Data items:
"""

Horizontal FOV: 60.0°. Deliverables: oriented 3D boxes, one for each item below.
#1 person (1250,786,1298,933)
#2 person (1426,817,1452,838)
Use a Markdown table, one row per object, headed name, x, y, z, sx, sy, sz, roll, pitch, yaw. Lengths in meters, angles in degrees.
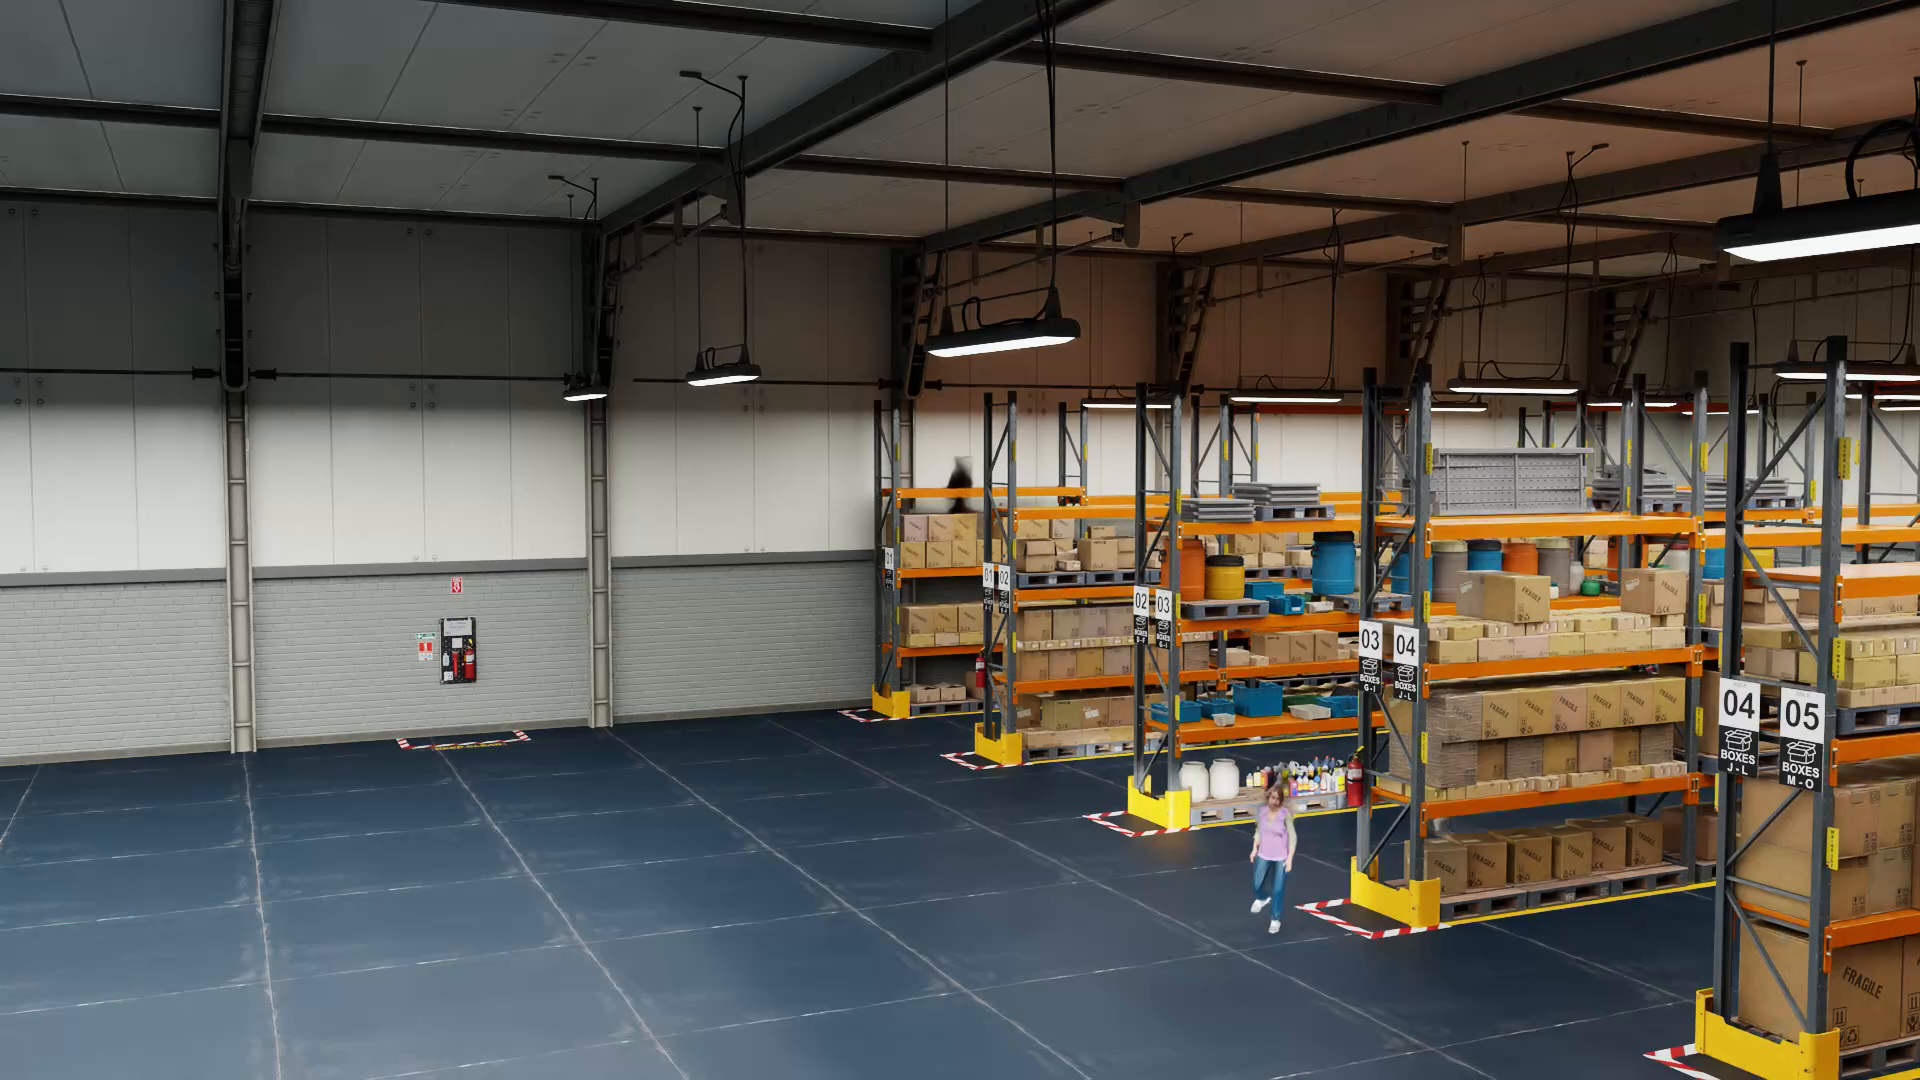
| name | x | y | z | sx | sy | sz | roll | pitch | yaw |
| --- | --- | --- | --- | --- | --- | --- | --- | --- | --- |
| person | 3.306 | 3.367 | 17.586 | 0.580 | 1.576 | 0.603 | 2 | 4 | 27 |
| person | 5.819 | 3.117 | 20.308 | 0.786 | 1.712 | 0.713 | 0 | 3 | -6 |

"""

• [THE PROBLEM]: You need to restate all of the entries above exactly and leave the pictures behind.

• [SOLUTION TO THIS EXERCISE]:
Horizontal FOV: 60.0°. Deliverables: oriented 3D boxes, one for each item below.
#1 person (1250,786,1298,933)
#2 person (1426,817,1452,838)
Use a Markdown table, one row per object, headed name, x, y, z, sx, sy, sz, roll, pitch, yaw. Lengths in meters, angles in degrees.
| name | x | y | z | sx | sy | sz | roll | pitch | yaw |
| --- | --- | --- | --- | --- | --- | --- | --- | --- | --- |
| person | 3.306 | 3.367 | 17.586 | 0.580 | 1.576 | 0.603 | 2 | 4 | 27 |
| person | 5.819 | 3.117 | 20.308 | 0.786 | 1.712 | 0.713 | 0 | 3 | -6 |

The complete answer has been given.